新しい Spring Boot プロジェクトを作成し、spring-ai-starter-model-anthropic を pom (または gradle) の依存関係に追加します。

src/main/resources ディレクトリに application.properties ファイルを追加して、Anthropic チャットモデルを有効にして構成します。

spring.ai.anthropic.api-key=YOUR_API_KEY
spring.ai.anthropic.chat.options.model=claude-3-5-sonnet-latest
spring.ai.anthropic.chat.options.temperature=0.7
spring.ai.anthropic.chat.options.max-tokens=450

api-key を Anthropic の資格情報に置き換えます。

これにより、クラスに挿入できる AnthropicChatModel 実装が作成されます。以下は、テキスト生成にチャットモデルを使用する単純な @Controller クラスの例です。

@RestController
public class ChatController {

    private final AnthropicChatModel chatModel;

    @Autowired
    public ChatController(AnthropicChatModel chatModel) {
        this.chatModel = chatModel;
    }

    @GetMapping("/ai/generate")
    public Map generate(@RequestParam(value = "message", defaultValue = "Tell me a joke") String message) {
        return Map.of("generation", this.chatModel.call(message));
    }

    @GetMapping("/ai/generateStream")
	public Flux<ChatResponse> generateStream(@RequestParam(value = "message", defaultValue = "Tell me a joke") String message) {
        Prompt prompt = new Prompt(new UserMessage(message));
        return this.chatModel.stream(prompt);
    }
}

手動構成

AnthropicChatModel [GitHub] (英語) は ChatModel と StreamingChatModel を実装し、低レベル AnthropicApi クライアントを使用して Anthropic サービスに接続します。

spring-ai-anthropic 依存関係をプロジェクトの Maven pom.xml ファイルに追加します。

<dependency>
    <groupId>org.springframework.ai</groupId>
    <artifactId>spring-ai-anthropic</artifactId>
</dependency>

または、Gradle build.gradle ビルドファイルに保存します。

dependencies {
    implementation 'org.springframework.ai:spring-ai-anthropic'
}

Spring AI BOM をビルドファイルに追加するには、"依存関係管理" セクションを参照してください。

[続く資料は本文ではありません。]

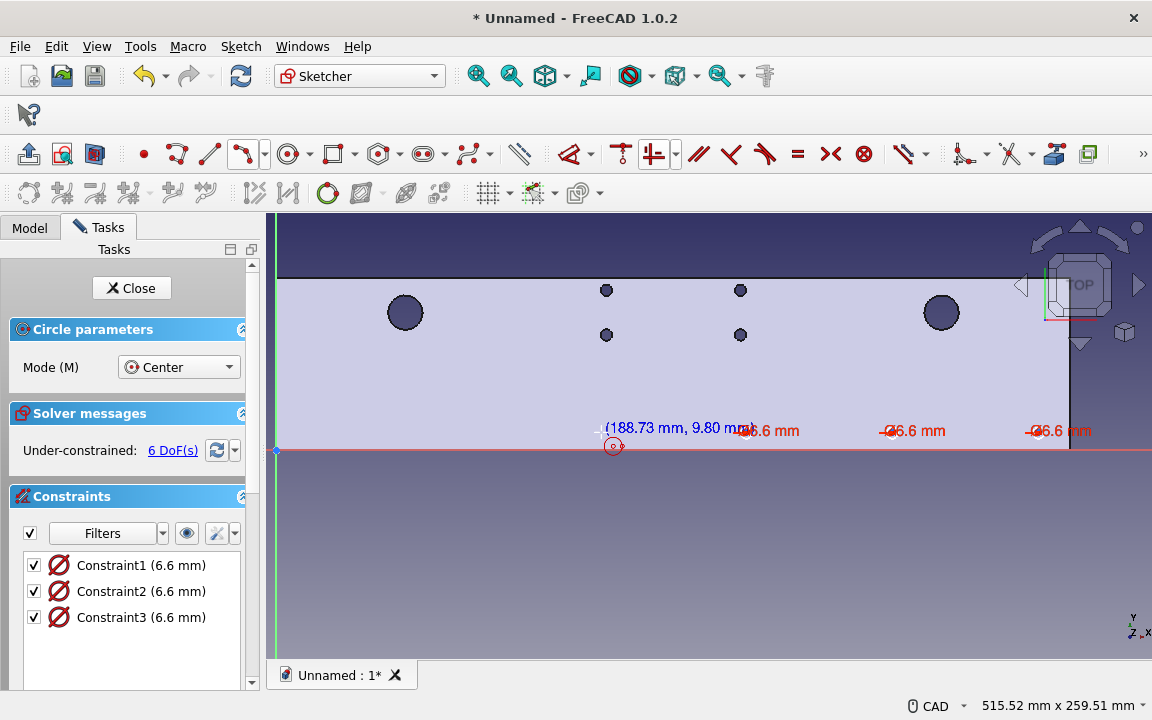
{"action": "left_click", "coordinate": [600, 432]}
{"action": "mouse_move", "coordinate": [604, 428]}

次に、AnthropicChatModel を作成し、テキスト生成に使用します。

var anthropicApi = new AnthropicApi(System.getenv("ANTHROPIC_API_KEY"));
var anthropicChatOptions = AnthropicChatOptions.builder()
            .model("claude-3-7-sonnet-20250219")
            .temperature(0.4)
            .maxTokens(200)
        .build()
var chatModel = AnthropicChatModel.builder().anthropicApi(anthropicApi)
                .defaultOptions(anthropicChatOptions).build();

ChatResponse response = this.chatModel.call(
    new Prompt("Generate the names of 5 famous pirates."));

// Or with streaming responses
Flux<ChatResponse> response = this.chatModel.stream(
    new Prompt("Generate the names of 5 famous pirates."));

AnthropicChatOptions は、チャットリクエストの構成情報を提供します。AnthropicChatOptions.Builder は流れるようなオプションビルダーです。

低レベル AnthropicApi クライアント

AnthropicApi [GitHub] (英語) が提供するのは、Anthropic メッセージ API (英語) 用の軽量 Java クライアントです。

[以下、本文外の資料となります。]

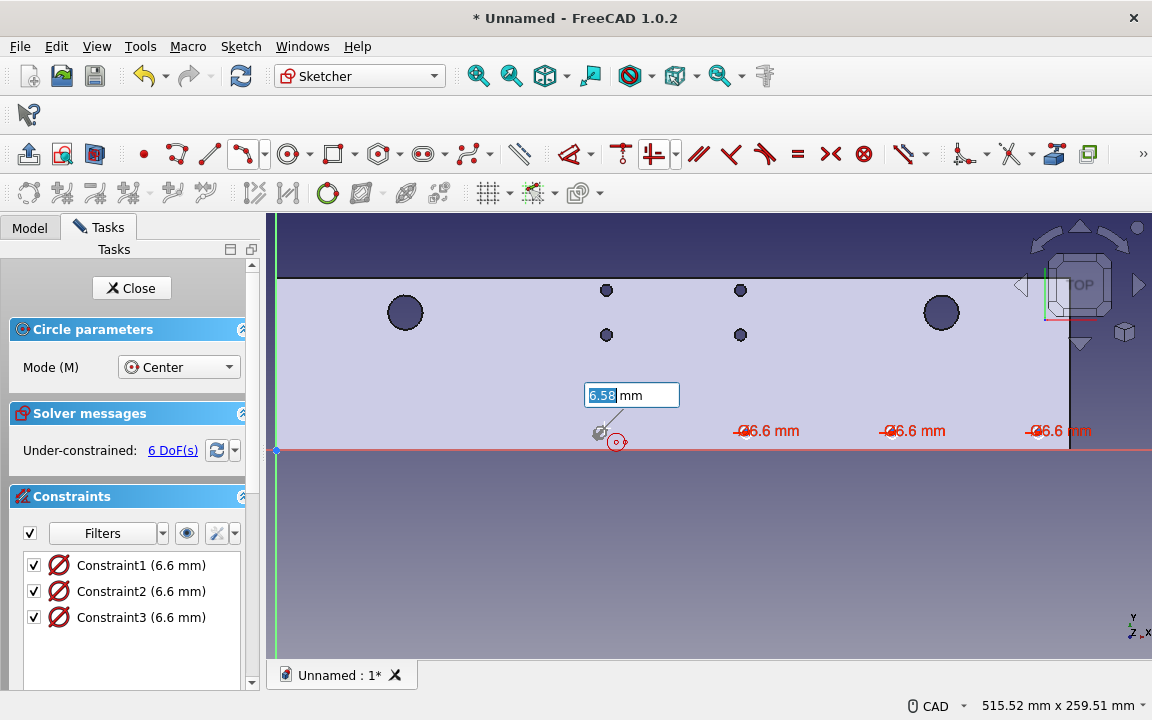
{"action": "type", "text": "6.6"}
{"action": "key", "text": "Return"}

次のクラス図は、AnthropicApi チャットインターフェースと構成要素を示しています。

API をプログラムで使用する方法の簡単なスニペットを次に示します。

AnthropicApi anthropicApi =
    new AnthropicApi(System.getenv("ANTHROPIC_API_KEY"));

AnthropicMessage chatCompletionMessage = new AnthropicMessage(
        List.of(new ContentBlock("Tell me a Joke?")), Role.USER);

// Sync request
ResponseEntity<ChatCompletionResponse> response = this.anthropicApi
    .chatCompletionEntity(new ChatCompletionRequest(AnthropicApi.ChatModel.CLAUDE_3_OPUS.getValue(),
            List.of(this.chatCompletionMessage), null, 100, 0.8, false));

// Streaming request
Flux<StreamResponse> response = this.anthropicApi
    .chatCompletionStream(new ChatCompletionRequest(AnthropicApi.ChatModel.CLAUDE_3_OPUS.getValue(),
            List.of(this.chatCompletionMessage), null, 100, 0.8, true));

詳細については、AnthropicApi.java [GitHub] (英語) の JavaDoc を参照してください。

低レベル API の例

AnthropicApiIT.java [GitHub] (英語) テストでは、軽量ライブラリの使用方法の一般的な例をいくつか示します。